Original post by Mathemagicien
I did question 4 directly, not by parts, using exponential version of sin x.


But its sinx not sinh x
Original post by Mattematics
Where abouts? I only saw The sum for r^2 and r^3.


Arithmetic series. C1 section. S_n = n/2(1 + n).
Original post by Mattematics
Where abouts? I only saw The sum for r^2 and r^3.
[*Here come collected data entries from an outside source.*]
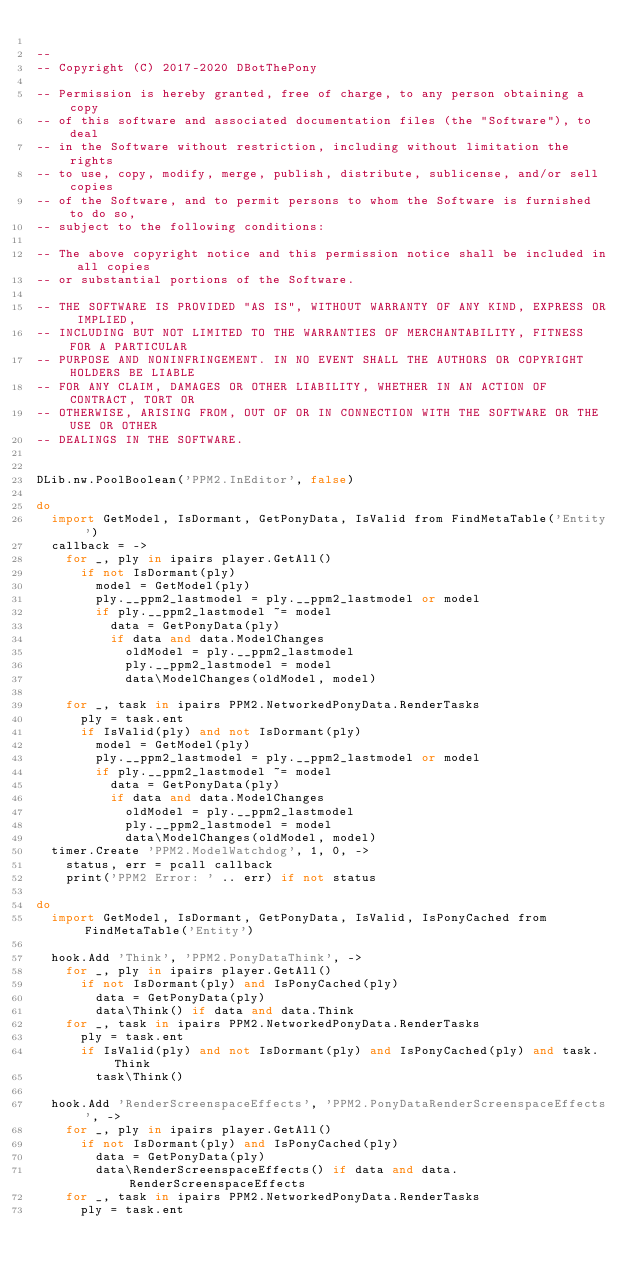<code> <loc_0><loc_0><loc_500><loc_500><_MoonScript_>
--
-- Copyright (C) 2017-2020 DBotThePony

-- Permission is hereby granted, free of charge, to any person obtaining a copy
-- of this software and associated documentation files (the "Software"), to deal
-- in the Software without restriction, including without limitation the rights
-- to use, copy, modify, merge, publish, distribute, sublicense, and/or sell copies
-- of the Software, and to permit persons to whom the Software is furnished to do so,
-- subject to the following conditions:

-- The above copyright notice and this permission notice shall be included in all copies
-- or substantial portions of the Software.

-- THE SOFTWARE IS PROVIDED "AS IS", WITHOUT WARRANTY OF ANY KIND, EXPRESS OR IMPLIED,
-- INCLUDING BUT NOT LIMITED TO THE WARRANTIES OF MERCHANTABILITY, FITNESS FOR A PARTICULAR
-- PURPOSE AND NONINFRINGEMENT. IN NO EVENT SHALL THE AUTHORS OR COPYRIGHT HOLDERS BE LIABLE
-- FOR ANY CLAIM, DAMAGES OR OTHER LIABILITY, WHETHER IN AN ACTION OF CONTRACT, TORT OR
-- OTHERWISE, ARISING FROM, OUT OF OR IN CONNECTION WITH THE SOFTWARE OR THE USE OR OTHER
-- DEALINGS IN THE SOFTWARE.


DLib.nw.PoolBoolean('PPM2.InEditor', false)

do
	import GetModel, IsDormant, GetPonyData, IsValid from FindMetaTable('Entity')
	callback = ->
		for _, ply in ipairs player.GetAll()
			if not IsDormant(ply)
				model = GetModel(ply)
				ply.__ppm2_lastmodel = ply.__ppm2_lastmodel or model
				if ply.__ppm2_lastmodel ~= model
					data = GetPonyData(ply)
					if data and data.ModelChanges
						oldModel = ply.__ppm2_lastmodel
						ply.__ppm2_lastmodel = model
						data\ModelChanges(oldModel, model)

		for _, task in ipairs PPM2.NetworkedPonyData.RenderTasks
			ply = task.ent
			if IsValid(ply) and not IsDormant(ply)
				model = GetModel(ply)
				ply.__ppm2_lastmodel = ply.__ppm2_lastmodel or model
				if ply.__ppm2_lastmodel ~= model
					data = GetPonyData(ply)
					if data and data.ModelChanges
						oldModel = ply.__ppm2_lastmodel
						ply.__ppm2_lastmodel = model
						data\ModelChanges(oldModel, model)
	timer.Create 'PPM2.ModelWatchdog', 1, 0, ->
		status, err = pcall callback
		print('PPM2 Error: ' .. err) if not status

do
	import GetModel, IsDormant, GetPonyData, IsValid, IsPonyCached from FindMetaTable('Entity')

	hook.Add 'Think', 'PPM2.PonyDataThink', ->
		for _, ply in ipairs player.GetAll()
			if not IsDormant(ply) and IsPonyCached(ply)
				data = GetPonyData(ply)
				data\Think() if data and data.Think
		for _, task in ipairs PPM2.NetworkedPonyData.RenderTasks
			ply = task.ent
			if IsValid(ply) and not IsDormant(ply) and IsPonyCached(ply) and task.Think
				task\Think()

	hook.Add 'RenderScreenspaceEffects', 'PPM2.PonyDataRenderScreenspaceEffects', ->
		for _, ply in ipairs player.GetAll()
			if not IsDormant(ply) and IsPonyCached(ply)
				data = GetPonyData(ply)
				data\RenderScreenspaceEffects() if data and data.RenderScreenspaceEffects
		for _, task in ipairs PPM2.NetworkedPonyData.RenderTasks
			ply = task.ent</code> 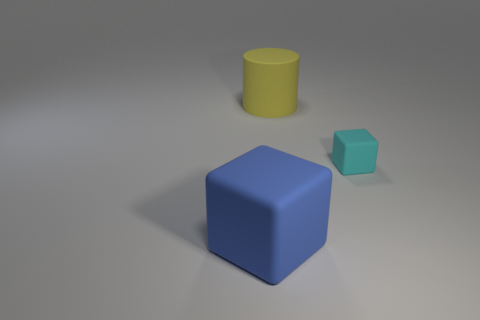Add 3 big gray metal cubes. How many objects exist? 6 Subtract all cylinders. How many objects are left? 2 Subtract all large red matte cylinders. Subtract all tiny rubber things. How many objects are left? 2 Add 2 large yellow cylinders. How many large yellow cylinders are left? 3 Add 1 blue objects. How many blue objects exist? 2 Subtract 0 gray cylinders. How many objects are left? 3

I don't think it's in there. I had a quick glance before reaching into the depths of my mind to retrieve it.

EDIT: Never mind, Zacken's right haha
Original post by Mattematics
Where abouts? I only saw The sum for r^2 and r^3.


arithmetic series:

sn = n/2 (a + l)

here a = 1, l = n
Predict the grade boundaries:
http://www.thestudentroom.co.uk/showthread.php?t=4149979
Original post by anhaanha
But its sinx not sinh x


So? sin x also has a exponential definition, you have heard of DeMoivre's, surely...?

Original post by cjlh
I don't think it's in there. I had a quick glance before reaching into the depths of my mind to retrieve it.


Arithmetic series. C1 (!) section.
Original post by Zacken
Arithmetic series. C1 section. S_n = n/2(1 + n).


you f***ing ninja
Original post by Zacken
Surely your class learnt how to re-arrange equations of the form a = b + ka?


I think it's a bit of a stretch to say it's on the syllabus. There aren't any examples of IBP being used that way in the text book so it's a bit of a sneaky question. Yes if you think about it it makes sense but if you've never seen anything of that type then it's not exactly a c4 integral
Original post by cjlh
I might have gotten the same though, -11. Is that definitely wrong? I remember changing a sign on a +6n after going back. If that's wrong I'm a *******.


I am quite sure what I put was correct (-9) as I used the sum function on my calculator to check it for n=1,2 and 3 and it worked for all of them; this would not have been so for a different value in place of the -9.
Original post by Student403
Nope the coefficients of sinx and cosx didnt have e-2theta in the final answer


yeah because e^2x y = 1/5e^2x * (2sinx - cosx) + c

therefore

y = 1/5 (2sinx - cosx) + ce^2x
[QUOTE=AlexFrangos;65555783]What did you get in question 2 and in 2nd order differential equation?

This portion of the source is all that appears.